But now, the Linux-Libc-Headers project looks dead: no commits in the 
SVN for the last two months, and the only changes in SVN as compared to 
LLH 2.6.12.0 are addition of inotify.h, removal of some kernel-only 
headers and some minor fix for non-glibc systems.

What is the recommended (non-dead) alternative implementation of such 
"sanitized" headers? Where is the roadmap for this area?

-- 
Alexander E. Patrakov
Don't mail to patrakov@ums.usu.ru: the server is off until 2006-01-11
Use my GMail or linuxfromscratch address instead


^ permalink raw reply	[flat|nested] 2+ messages in thread

* Re: sanitized kernel headers
  2006-01-07  9:59 sanitized kernel headers Alexander E. Patrakov
@ 2006-01-08 10:31 ` Andrew Walrond
  0 siblings, 0 replies; 2+ messages in thread
From: Andrew Walrond @ 2006-01-08 10:31 UTC (permalink / raw)
  To: linux-kernel

On Saturday 07 January 2006 09:59, Alexander E. Patrakov wrote:
>
> What is the recommended (non-dead) alternative implementation of such
> "sanitized" headers? Where is the roadmap for this area?

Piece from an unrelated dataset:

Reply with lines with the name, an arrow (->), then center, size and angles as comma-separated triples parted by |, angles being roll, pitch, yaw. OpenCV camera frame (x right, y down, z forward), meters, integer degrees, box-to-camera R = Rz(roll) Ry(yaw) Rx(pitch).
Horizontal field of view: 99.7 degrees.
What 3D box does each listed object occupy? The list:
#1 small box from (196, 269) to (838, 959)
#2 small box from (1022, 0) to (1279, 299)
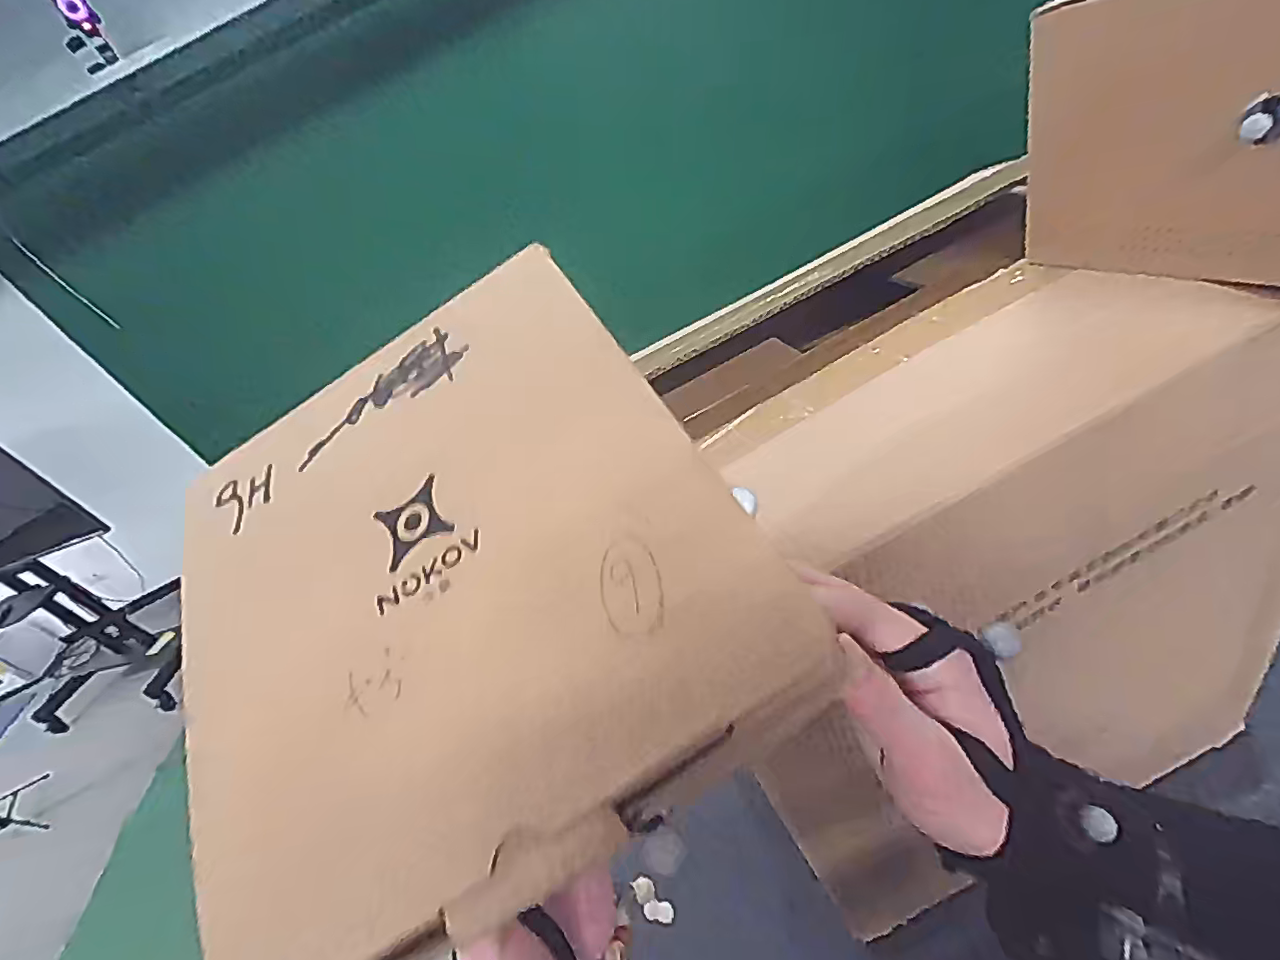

I still don't buy the arguments of the kernel maintainers who shun 
responsibility for this. My undoubtedly naive position is that

1) The kernel does a load of really clever low level stuff, and presents a 
stable API that the rest of the world (userspace) can use

2) Every part of that API that userspace needs should be presented to 
userspace in a consistent and reliably useable way

3) Any part of the kernel to which userspace absolutely needs access _must_ be 
part of that consistently and reliably presented API.

This 'sanitized kernel headers' mess (the single biggest _PITA_ for all small 
independent  linux distro creators/maintainers) should either

1) be unnecessary
2) be included as part of the kernel sources and acknowledged as specifically 
for use by userspace

Currently affected userspace packages include stuff like glibc, directfb, 
netfilter, iproute2, alsa, iputils, pcmcia-cs, udev and wireless-tools.

Andrew Walrond
[thumbs nose, dons hardhat, dives into hastily prepared bunker]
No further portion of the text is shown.